The singer-songwriter has spent the past few years honing her craft in Los Angeles and has since put out a number of singles—each with a refreshing mix of sounds which eventually earned her a loyal following and millions of streams across music platforms. But the transnational artist is more than just a singer, she’s also on a mission to challenge (and shatter stereotypes) and break down barriers through her music—especially as a female artist of colour in the industry.
In this exclusive interview with Tatler ahead of the release of her new song, Farewell, Nikitaa takes us through her humble beginnings, how she pays homage to her culture, the challenges of being a South Asian singer in the indie music scene and why we should be excited about her new song.
Can you tell us how you got into music?
I was always interested in music for as far back in my life as I can remember. My summers were spent singing along to the cassettes my mum would pop into the stereo in her room, and I started training when I was four—at the same time, I began training as a dancer. I took keyboard lessons and learned basic western classical theory as well as Indian classical vocal lessons and theory. Every memory I’ve ever had is coloured, so to speak, with a song or an album. But I decided to pursue music as a career at the age of 19 and went to Musicians Institute in Los Angeles nearly two years later because of this decision.
Were your parents supportive of you getting into music?
Now, absolutely and unequivocally. But this wasn’t always the case. My mother’s family has a long history of musical talent and passion. This is an ancestral gift for me. But none of them were permitted to pursue it as a career. Notably, my Nani (maternal grandmother) studied under several Ustaads (maestros) in her hometown of Banaras (Varanasi) but was always prevented from pursuing it because of many reasons—one of them being that she was a woman.
I think my parents were initially caught between wanting to see me pursue something that truly fulfilled me and brought me joy, and wanting to protect me based on the experiences of their family members. But, eventually, their desire to support me overcame; my mother in particular found catharsis in the idea that I get to fulfil not only my own purpose but my Nani’s as well. And I feel as if I carry her with me whenever I sing.
You’re born and raised in Mumbai, why did you decide to go to LA? How was the journey moving from one part of the world to another?
I always knew I wanted to do something with contemporary English music, and I chose LA after speaking with my dear friend and fellow artist, Natania Lalwani. She was a Musicians Institute alum and recommended the school to me after I shared some of my early songwriting with her. I’ve always felt like I’ve been between worlds—the one I grew up in, in India, and the one that influenced me vis a vis all the music I was listening to. Between that and the fact that I’d visited family in California before, moving to LA wasn’t as much of a culture shock as I’d prepared myself for. I’ve also personally always loved venturing out on my own and so as difficult as it was to be away from family, it was also something that felt right down to my very bones.

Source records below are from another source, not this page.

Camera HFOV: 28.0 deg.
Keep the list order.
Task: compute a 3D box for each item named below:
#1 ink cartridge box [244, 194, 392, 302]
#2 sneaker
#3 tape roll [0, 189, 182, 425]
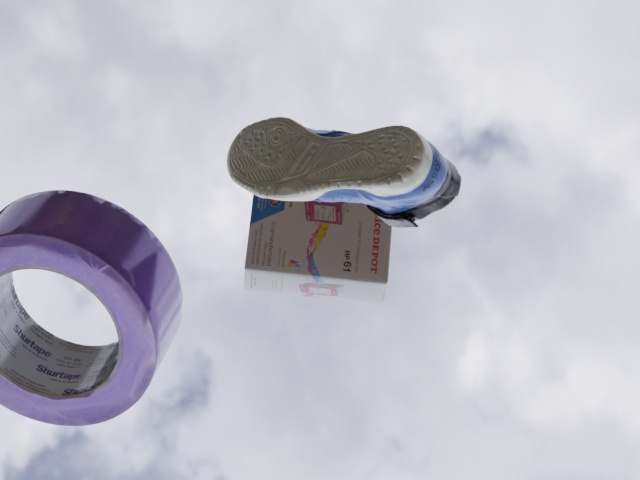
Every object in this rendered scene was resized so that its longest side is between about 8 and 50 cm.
[{"bbox_3d":[0.000,0.000,1.093,0.122,0.052,0.089,6,-114,-2],"label":"ink cartridge box"},{"bbox_3d":[0.018,-0.042,0.833,0.152,0.084,0.058,0,-106,33],"label":"sneaker"},{"bbox_3d":[-0.217,0.058,1.083,0.189,0.189,0.080,5,-149,10],"label":"tape roll"}]
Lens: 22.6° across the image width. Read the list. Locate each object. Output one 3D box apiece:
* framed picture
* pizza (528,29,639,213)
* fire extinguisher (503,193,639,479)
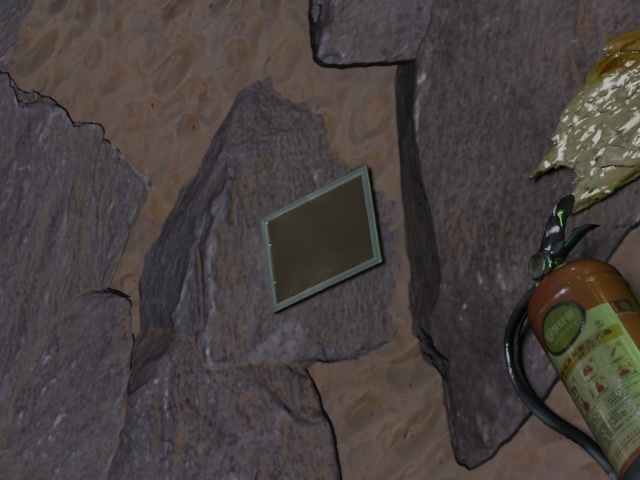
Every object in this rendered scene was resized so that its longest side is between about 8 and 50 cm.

One thing I will note though is that moving so far away really had me reflecting a lot on my identity as a brown woman that carries a certain amount of privilege. From the day I started school in LA, I was often told I looked racially ambiguous, and I was fetishised by others, while also facing alienation from my fellow Indian students—all for just being me. It forced me to find and stand strong in the integrity and truth of who I am, and it also helped me recognise that though I carried privilege (being light-skinned, from Savarna, Hindu and from upper-middle class) it would be what I did with that privilege that would make or break me and the people around me. Also, I could let all that fetishisation and alienation bring me down, or I could keep it pushing and keep working on me. I chose the latter. And I believe it shows in everything I do.
You mentioned before that you didn’t have any example of South Asian women to look up to. Tell us what that was like. How did that influence the kind of artist you want to be today?
Honestly, in the beginning, it crippled me as the unknown does very often to all of us. What was I—a brown girl—going to bring to a pop or R&B space as an artist? What did I want to say, sound like? These were questions that plagued me often. My idols growing up had been primarily Black women such as Beyonce and Whitney Houston. I decided I could continue to be inspired by them but also to carve my own path. Suddenly not having anyone to compare my journey or even my vocal texture to became an exciting thing rather than a frightening thing.
I began questioning what it was at my core that I wanted to share with the world, and honestly, I just started writing and decided to see where it took me. A few songs into doing this, the idea of a Goddess-centric brand and artist became clear. Everything that I did encompassed the idea of honouring the full spectrum of feminine expression, rather than a carefully curated mask as we often see. In other words, honouring the archetype of the Goddess.
You describe your genre as “Goddess Pop”, tell us more about it. Why did you decide to bring in a new genre?
Because I felt like I hadn’t really heard much of anything that sounded like what I was doing. I hadn’t heard of any pop or R&B music composed and performed by a Brown artist incorporating instruments or vocalisation from their own culture in a way that would seamlessly blend with what most of us know of these genres. In my world, tablas and 808’s co-exist, as do santoors and guitars and more. I also wanted to emphasise that my music was a place to honour and express every emotion within the human range of expression with zero shame and full ownership.
The Goddess, since ancient times, has been a champion of inclusivity and full-spectrum expression whether it be concerning gender, emotions and sexuality I wanted to start a conversation about that as well. I was raised within the tenets of this understanding—it is one of the main pillars of my spirituality, which is so important to me and to my music. Goddess Pop is a genre where I get to be everything I want to be—an expansive being with a genre-melding sound and I have influences ranging from 60’s Bollywood, pop, R&B, metal, hard rock and everything in between.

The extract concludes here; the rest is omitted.